To an extent, there is truth to this. As my position as project manager on the William F. Cody Digital Archive, one of our explicit goals is to provide digital sources for researchers. It is not an easy task to get to the archives in Cody, WY, but by putting these sources online and verifying the authenticity of the material we are signaling to Cody researchers that they can place their trust in the digital reproductions and, if necessary, can easily track down the physical copy of an artifact. This is the sort of democratization that Roy Rosenzweig spoke of, noting that “once [digitization] is accomplished, [sources] can be made accessible to vastly greater numbers of people. To open up the archives and libraries in this way democratizes historical work” (Rosenzweig, 756). Users have direct access to cultural records made freely available to anyone with a connection to the Internet.

This is all highly desirable: in my case, we want Cody Studies to flourish, and the building of the Cody Archive is a step in that direction, though it is not without its own digital challenges. Preservation is an especially important consideration. Having the Archive backed by a digital center inside the library perhaps means there is a good chance that the material in the archive can be preserved digitally. Aiding in that task is the adherence to encoding and documentary editing standards.

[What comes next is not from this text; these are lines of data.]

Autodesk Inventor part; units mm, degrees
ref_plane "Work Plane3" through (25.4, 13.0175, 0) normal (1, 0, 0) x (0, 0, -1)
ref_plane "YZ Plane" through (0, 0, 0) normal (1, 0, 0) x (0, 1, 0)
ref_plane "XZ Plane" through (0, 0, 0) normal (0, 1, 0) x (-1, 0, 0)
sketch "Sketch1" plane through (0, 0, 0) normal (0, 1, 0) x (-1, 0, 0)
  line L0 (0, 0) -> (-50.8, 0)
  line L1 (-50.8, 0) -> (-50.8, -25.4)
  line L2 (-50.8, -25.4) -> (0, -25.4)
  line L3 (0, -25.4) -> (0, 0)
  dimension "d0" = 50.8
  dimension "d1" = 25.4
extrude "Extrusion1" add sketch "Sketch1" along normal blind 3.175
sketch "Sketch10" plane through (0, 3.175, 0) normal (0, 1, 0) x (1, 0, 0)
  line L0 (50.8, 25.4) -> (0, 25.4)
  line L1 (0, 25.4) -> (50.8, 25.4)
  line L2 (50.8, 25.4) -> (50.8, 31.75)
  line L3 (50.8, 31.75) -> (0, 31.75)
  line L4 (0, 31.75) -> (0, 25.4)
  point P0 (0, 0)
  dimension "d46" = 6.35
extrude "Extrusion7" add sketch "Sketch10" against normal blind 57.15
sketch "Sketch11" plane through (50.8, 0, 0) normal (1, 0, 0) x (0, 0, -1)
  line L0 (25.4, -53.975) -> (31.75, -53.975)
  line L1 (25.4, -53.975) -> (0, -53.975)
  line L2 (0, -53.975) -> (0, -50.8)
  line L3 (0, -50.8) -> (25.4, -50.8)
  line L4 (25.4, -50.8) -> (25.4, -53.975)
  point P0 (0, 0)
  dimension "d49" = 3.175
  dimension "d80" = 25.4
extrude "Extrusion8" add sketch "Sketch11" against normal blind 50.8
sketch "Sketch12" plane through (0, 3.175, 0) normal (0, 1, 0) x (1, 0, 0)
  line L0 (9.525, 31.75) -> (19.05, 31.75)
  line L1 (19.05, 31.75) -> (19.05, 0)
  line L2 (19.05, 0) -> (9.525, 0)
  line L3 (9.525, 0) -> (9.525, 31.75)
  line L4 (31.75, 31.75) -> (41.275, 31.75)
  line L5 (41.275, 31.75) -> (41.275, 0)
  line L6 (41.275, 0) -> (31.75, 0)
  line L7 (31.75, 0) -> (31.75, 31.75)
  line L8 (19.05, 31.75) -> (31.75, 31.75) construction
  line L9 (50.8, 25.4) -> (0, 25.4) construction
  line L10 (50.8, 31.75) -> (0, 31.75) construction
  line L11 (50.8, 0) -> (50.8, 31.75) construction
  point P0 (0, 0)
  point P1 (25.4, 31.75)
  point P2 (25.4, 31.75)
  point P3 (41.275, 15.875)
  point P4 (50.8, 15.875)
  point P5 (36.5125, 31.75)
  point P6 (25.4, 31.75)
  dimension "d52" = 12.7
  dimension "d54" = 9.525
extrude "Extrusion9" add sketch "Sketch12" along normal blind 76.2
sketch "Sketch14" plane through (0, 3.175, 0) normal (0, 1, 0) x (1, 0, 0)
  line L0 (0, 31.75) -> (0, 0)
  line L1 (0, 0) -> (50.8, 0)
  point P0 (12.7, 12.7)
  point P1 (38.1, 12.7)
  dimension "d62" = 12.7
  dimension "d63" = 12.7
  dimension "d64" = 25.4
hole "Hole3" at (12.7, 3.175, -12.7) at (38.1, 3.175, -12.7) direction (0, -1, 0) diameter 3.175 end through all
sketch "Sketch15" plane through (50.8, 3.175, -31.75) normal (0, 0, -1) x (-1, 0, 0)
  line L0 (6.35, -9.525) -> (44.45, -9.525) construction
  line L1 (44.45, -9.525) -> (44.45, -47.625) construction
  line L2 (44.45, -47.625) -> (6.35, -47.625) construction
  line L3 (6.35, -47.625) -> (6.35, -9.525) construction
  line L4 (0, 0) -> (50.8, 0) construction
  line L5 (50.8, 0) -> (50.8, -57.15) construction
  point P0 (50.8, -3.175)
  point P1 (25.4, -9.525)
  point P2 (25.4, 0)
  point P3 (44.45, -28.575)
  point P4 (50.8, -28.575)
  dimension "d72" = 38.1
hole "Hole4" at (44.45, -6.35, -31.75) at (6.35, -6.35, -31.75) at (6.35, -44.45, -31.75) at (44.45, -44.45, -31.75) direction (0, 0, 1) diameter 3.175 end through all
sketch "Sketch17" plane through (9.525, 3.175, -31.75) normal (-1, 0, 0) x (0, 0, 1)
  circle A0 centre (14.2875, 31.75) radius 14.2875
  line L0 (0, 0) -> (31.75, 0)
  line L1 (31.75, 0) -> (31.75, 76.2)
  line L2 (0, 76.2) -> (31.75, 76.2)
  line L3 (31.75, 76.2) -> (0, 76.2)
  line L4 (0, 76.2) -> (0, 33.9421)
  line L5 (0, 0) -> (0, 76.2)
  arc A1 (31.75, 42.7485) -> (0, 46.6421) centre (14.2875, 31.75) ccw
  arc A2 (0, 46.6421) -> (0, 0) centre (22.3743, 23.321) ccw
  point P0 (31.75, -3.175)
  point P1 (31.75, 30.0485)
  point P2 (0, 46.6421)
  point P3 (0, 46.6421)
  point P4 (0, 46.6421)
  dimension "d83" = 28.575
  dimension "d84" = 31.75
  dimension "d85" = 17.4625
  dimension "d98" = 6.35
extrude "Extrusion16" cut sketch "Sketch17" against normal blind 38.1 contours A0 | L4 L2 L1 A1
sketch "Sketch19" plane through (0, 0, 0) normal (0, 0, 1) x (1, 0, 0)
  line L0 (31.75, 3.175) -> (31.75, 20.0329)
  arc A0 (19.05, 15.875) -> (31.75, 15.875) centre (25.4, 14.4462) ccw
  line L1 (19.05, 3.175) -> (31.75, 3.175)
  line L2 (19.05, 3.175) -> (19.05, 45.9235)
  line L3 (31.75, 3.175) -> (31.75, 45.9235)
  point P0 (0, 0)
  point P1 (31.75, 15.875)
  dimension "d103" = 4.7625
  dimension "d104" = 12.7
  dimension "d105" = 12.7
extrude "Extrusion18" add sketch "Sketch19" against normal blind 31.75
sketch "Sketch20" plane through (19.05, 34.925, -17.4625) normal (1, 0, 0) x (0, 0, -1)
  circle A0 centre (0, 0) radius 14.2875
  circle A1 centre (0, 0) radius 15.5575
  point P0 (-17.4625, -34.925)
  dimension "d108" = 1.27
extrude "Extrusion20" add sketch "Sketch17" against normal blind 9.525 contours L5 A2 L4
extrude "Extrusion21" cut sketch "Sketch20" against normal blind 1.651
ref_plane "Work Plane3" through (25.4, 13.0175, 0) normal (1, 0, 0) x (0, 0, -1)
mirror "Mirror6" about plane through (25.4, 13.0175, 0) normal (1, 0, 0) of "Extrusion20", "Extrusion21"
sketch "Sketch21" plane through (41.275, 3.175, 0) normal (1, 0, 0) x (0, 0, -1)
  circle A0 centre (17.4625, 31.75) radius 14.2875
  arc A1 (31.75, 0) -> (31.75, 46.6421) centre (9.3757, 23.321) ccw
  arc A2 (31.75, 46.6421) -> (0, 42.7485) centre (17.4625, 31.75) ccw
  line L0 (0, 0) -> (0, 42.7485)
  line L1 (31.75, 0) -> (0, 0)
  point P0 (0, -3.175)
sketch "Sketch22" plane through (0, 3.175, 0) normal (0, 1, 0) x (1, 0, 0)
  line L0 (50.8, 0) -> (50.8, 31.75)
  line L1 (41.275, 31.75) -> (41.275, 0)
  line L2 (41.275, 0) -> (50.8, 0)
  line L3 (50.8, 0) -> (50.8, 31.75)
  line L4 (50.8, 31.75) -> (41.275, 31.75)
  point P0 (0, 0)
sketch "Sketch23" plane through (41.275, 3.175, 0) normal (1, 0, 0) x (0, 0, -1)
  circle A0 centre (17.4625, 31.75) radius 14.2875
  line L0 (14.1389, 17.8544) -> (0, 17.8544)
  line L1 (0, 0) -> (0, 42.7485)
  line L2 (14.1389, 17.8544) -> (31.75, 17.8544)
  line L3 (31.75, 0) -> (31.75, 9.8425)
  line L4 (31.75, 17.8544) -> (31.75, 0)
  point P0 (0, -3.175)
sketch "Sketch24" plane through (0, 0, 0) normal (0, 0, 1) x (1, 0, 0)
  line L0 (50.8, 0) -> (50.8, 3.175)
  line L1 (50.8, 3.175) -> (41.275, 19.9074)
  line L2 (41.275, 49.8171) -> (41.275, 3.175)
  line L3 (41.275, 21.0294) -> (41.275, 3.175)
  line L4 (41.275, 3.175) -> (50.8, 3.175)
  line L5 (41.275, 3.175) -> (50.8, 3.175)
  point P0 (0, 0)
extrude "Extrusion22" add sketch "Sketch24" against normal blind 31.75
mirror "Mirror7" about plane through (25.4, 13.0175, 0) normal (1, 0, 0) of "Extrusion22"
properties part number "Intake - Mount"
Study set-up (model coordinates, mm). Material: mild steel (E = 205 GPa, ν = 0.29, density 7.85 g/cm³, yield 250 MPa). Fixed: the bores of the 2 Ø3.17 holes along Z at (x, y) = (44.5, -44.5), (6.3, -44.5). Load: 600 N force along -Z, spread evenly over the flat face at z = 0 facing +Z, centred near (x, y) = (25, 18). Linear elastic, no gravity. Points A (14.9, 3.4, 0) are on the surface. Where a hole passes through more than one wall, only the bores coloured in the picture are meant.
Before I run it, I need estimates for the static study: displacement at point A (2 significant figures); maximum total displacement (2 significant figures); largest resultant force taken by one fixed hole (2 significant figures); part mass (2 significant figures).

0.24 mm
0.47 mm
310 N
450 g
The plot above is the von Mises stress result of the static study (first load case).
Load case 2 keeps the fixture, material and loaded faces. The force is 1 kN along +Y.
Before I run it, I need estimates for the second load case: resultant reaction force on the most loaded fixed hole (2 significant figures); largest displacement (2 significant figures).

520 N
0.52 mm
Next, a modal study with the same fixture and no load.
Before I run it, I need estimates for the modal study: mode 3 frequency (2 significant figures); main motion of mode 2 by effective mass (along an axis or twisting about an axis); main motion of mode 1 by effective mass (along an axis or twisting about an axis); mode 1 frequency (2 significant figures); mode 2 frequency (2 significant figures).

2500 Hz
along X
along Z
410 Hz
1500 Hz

I can say the same for my own smaller scale digital projects, both of which were built using standards and methods designed for longevity. However, a great deal of anxiety still exists surrounding digital artifacts. Historically, born-digital objects have been notoriously fragile, whether that is a magnetic tape, a compact disc, or a 3.5” floppy (Apple’s new Macbook Air and before those the netbooks did not contain a CD-ROM drive, perhaps signaling that the compact disc may not have much of a future left either). Digital media undergoes such rapid transformations and innovations that preservation, sustainability, compatibility, portability, scalability, and flexibility can become elusive quickly (indeed, the only digital format humans have devised that manages to maintain these categories over time is plain text).

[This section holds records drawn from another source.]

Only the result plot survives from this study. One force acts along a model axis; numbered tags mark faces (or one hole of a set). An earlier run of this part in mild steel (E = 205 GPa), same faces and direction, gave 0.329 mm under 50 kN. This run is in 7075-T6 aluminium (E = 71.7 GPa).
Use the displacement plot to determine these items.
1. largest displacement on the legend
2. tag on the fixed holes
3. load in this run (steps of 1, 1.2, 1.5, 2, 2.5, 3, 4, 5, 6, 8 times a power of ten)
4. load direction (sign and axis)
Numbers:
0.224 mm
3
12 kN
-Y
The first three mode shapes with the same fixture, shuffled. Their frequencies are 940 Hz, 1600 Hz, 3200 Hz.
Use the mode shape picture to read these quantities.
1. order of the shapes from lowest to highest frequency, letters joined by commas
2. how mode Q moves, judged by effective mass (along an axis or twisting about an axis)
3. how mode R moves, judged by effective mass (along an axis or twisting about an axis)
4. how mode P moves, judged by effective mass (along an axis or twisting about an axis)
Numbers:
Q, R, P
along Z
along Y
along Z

More broadly, however, is the nature of information and knowledge in the digital. As Brown and Duguid point out, information only gains value through social use. The nature of knowledge and learning is necessarily collaborative and communication is essential for knowledge production. Knowledge is not gained by isolating oneself in front of a keyboard, but rather learning is a social process where knowledge and information are transmitted not only through physical objects (books, computers) but also by the incidental learning that occurs through observing or speaking to colleagues. There are limitations, in other words, on the information that we obtain. Technology shapes, constrains, and influences the information and knowledge we gather.

The abudance of information coupled with the power of computation means that humanistic inquiry into materials can be astounding. The coining of the “new” field of culturomics in the Science paper by Michel et al., point to the sort of usability scholars can achieve with digital data through their statistical analysis of five million books digitized by Google. Although their assertion that they are breaking new ground is annoying (since it ignores previous work), their approach to things like the appearance and disappearance of fame is interesting and raises the sort of issues humanists like to discuss.

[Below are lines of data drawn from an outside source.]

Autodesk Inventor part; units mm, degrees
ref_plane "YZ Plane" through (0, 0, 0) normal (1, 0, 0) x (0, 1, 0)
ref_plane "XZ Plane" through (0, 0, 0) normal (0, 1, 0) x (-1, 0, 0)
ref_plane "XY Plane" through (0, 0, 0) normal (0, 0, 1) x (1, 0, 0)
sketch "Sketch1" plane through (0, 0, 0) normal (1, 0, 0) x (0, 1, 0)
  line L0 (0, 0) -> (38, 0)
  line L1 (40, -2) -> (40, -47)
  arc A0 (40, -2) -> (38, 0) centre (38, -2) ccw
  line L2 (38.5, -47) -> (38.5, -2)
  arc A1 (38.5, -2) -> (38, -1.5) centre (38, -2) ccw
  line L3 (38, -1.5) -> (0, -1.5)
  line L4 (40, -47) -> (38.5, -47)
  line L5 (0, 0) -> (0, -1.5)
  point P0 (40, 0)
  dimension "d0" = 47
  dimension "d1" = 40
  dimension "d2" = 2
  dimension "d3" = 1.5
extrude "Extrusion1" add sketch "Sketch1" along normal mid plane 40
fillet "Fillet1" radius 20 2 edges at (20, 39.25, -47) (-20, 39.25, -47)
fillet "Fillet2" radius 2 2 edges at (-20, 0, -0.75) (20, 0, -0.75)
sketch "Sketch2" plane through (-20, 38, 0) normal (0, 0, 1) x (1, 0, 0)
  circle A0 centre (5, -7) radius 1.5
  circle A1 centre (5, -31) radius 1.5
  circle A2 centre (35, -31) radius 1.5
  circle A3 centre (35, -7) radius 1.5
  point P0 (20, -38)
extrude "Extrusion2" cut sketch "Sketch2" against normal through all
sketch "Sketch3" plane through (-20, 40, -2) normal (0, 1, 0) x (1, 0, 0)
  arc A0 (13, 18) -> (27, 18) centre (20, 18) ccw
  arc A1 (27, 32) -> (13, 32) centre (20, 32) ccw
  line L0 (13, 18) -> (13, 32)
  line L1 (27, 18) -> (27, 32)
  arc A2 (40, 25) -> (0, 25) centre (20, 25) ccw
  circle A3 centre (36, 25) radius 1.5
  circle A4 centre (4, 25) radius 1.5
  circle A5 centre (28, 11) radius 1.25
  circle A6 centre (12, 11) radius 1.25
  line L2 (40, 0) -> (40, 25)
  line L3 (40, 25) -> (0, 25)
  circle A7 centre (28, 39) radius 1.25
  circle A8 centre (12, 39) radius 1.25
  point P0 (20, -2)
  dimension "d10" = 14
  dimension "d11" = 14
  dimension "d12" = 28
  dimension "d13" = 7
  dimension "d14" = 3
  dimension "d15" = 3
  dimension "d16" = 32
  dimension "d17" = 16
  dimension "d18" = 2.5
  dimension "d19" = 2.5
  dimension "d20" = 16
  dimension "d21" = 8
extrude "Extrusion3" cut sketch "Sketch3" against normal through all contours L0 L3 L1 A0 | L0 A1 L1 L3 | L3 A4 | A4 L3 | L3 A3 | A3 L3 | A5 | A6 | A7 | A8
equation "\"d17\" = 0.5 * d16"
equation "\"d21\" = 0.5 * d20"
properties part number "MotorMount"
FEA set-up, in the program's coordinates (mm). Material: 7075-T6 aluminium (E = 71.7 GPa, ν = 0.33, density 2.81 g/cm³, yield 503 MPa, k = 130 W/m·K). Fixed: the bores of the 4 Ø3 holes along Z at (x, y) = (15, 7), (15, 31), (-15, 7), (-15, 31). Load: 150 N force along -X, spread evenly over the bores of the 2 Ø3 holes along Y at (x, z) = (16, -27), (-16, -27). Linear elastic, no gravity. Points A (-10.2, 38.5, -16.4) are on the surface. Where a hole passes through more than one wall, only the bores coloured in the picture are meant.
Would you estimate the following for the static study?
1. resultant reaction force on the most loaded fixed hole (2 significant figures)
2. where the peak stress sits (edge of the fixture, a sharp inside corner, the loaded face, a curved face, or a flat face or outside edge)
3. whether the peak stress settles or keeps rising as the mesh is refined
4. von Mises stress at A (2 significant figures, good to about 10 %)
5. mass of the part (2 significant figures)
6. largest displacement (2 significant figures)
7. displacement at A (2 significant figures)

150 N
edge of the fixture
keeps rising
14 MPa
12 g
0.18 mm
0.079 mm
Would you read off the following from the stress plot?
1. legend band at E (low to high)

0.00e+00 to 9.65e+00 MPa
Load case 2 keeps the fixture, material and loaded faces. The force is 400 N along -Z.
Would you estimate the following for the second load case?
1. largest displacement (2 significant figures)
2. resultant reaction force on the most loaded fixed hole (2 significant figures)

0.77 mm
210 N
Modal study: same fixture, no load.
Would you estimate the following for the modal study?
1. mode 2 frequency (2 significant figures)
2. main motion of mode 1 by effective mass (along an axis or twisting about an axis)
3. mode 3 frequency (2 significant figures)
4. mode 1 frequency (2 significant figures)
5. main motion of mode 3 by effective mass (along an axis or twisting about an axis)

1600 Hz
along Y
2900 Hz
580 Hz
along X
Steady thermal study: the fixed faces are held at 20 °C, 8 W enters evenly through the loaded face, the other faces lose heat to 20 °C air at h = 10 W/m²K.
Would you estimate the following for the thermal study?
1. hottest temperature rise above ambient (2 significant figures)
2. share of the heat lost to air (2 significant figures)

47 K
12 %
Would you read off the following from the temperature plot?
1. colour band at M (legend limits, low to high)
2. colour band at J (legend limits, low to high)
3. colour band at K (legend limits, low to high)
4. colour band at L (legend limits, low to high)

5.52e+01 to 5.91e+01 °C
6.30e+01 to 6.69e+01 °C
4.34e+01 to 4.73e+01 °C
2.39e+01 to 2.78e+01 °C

However, the problem with Michel et al. is the problem of abudant information. They are the infoenthusiasts spoken of by Brown and Duguid. Too much faith is placed in the data and results themselves. Historical trends are not simply ebbs and flows on a graph; there is no close reading about historical events, something that is required when getting down to the granular elements of history. On the technical side, the analysis depends on the accuracy of Google’s OCR software (spend a few minutes looking at any book out of copyright in Google Books and download the plain text of the scan and you will learn quickly that OCR is not known for its accuracy). Related to this is the simple fact that computers cannot read. The “dumb book” OCRed by Google has no embedded information and cannot tell the different definitions of something like “spring”, which may speak of the season or the activity of jumping. There is also a question of how accurately Google recorded metadata on the books in its corpus, not only items like authors and titles, but dates, the publisher, the book’s format, and any other number of attributes important to historians, literary scholars, and linguists. More importantly, the data in Google Books is broad, not deep. It is obvious that “slavery” would be a common term during the Civil War, perhaps less so during Civil Rights one hundred years later. The ngrams built by Google would be more useful and interesting if it dug into more than just a small number of books — there is no searching in pamphlets, newspapers, magazines, or any other number of ways people communicated through documents. In short, Michel et al. place too much faith in information and the technology, and do not fully consider the more granular ways that information can be used and interpreted for knowledge.

We should be careful not to quantify humanistic inquiry too much. Our goal as digital humanists is not to replicate the social science, not to become the “science of the humanities”, nor to hinge our work on quantitative, data-rich sources alone. Certainly computation has a role in assisting humanistic inquiry — we cannot possibly approach the massive amounts of data or keep up with the copious studies without the aid of computers. Interpreting culture, however, will require not the number crunching of the machine but instead the human mind engaged in scholarly interpretation.

September 22, 2011 @jaheppler